The 80s just called - they want their telnet client back / by Matt Wrock

Telnet has been around ever since I was born. No..really..it was developed in 1968 and the very first protocol used on the ARPAnet. That’s right kids, when grandpa wanted to send an email, he used telnet.

I don’t think I have used Telnet for its intended use since the late nineties, but for years and years, enabling the stock Microsoft telnet client has been part of my routine setup script for any windows box I work with.

dism /Online /Get-FeatureInfo /FeatureName:telnet-client

For me and many of my colleagues, this is often the simplest, albeit crude, tool to help determine if a remote machine is listening on a specific port. Its certainly not the only tool, but one is nearly guaranteed that this can be found on any windows OS.  

On linux, Netcat is a similarly ubiquitous tool that is typically installed with most distributions:

nc -z -w1 boxstarter.com 80;echo $?

This will return 0, if the specified host is listening on port 80.

Why is this important?

Perhaps you are a web developer and your web site goes down. One key troubleshooting step is to determine if the web server is even up and listening on port 80. Or maybe SSL traffic is broken and you are wondering if the server is listening to port 443. The answer to these questions may very well tell you which of many possible paths is the best to pursue in finding the root of your problem.

So you whip out your command line console and simply run:

telnet myhost.com 80

If the machine is in fact listening on port 80, I will likely get a blank screen. Otherwise, the command will hang and eventually timeout. This always felt clunky, but it worked. Oh sure, since powershell became available, I could write a script that worked with the .net library to construct a raw socket to reach an endpoint and thereby get the same information. But that’s just more code to write.

A better way

Since powershell version 4 which ships with Windows 8.1 and server 2012R2, there is a new cmdlet that provides a much more elegant means of getting this information.
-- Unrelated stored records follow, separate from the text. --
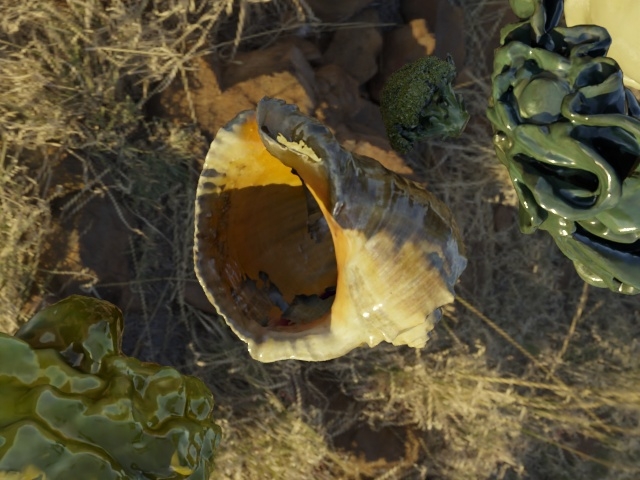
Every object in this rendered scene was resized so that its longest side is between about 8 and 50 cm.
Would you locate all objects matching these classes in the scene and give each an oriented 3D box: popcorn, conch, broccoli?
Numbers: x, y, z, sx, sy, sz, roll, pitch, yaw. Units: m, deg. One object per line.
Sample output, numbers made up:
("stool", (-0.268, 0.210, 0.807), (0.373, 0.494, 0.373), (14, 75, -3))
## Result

C:\dev\WinRM [v1.3]> Test-NetConnection -ComputerName boxstarter.org -Port 80
WARNING: Ping to boxstarter.org failed -- Status: TimedOut
ComputerName           : boxstarter.org
RemoteAddress          : 168.62.20.37
RemotePort             : 80
InterfaceAlias         : vEthernet (Virtual External Switch)
SourceAddress          : 192.168.1.7
PingSucceeded          : False
PingReplyDetails (RTT) : 0 ms
TcpTestSucceeded       : True
C:\dev\WinRM [v1.3]>

So now I have the same information plus some other bits of useful data given to me in a much more easily consumable format. Not only can I see that a site is responding to TCP port 80 requests, I see the IP address that the host name resolves to and I notice that the server is configured not to respond to ping requests.

Some may complain that Test-NetConnection requires far too many key strokes. Well there is a built in alias that points to this cmdlet allowing you to shorten the above command to:

TNC boxstarter.org -port 80

And if you don’t like having to include the -Port parameter name, the -CommonTCPPort is the next parameter in the default parameter order which takes the possible values of "HTTP,RDP,SMB,WINRM". So this means you get the same result as the command above using:

TNC boxstarter.org HTTP

So lose the telnet, and remember TNC – and welcome to the twenty first century!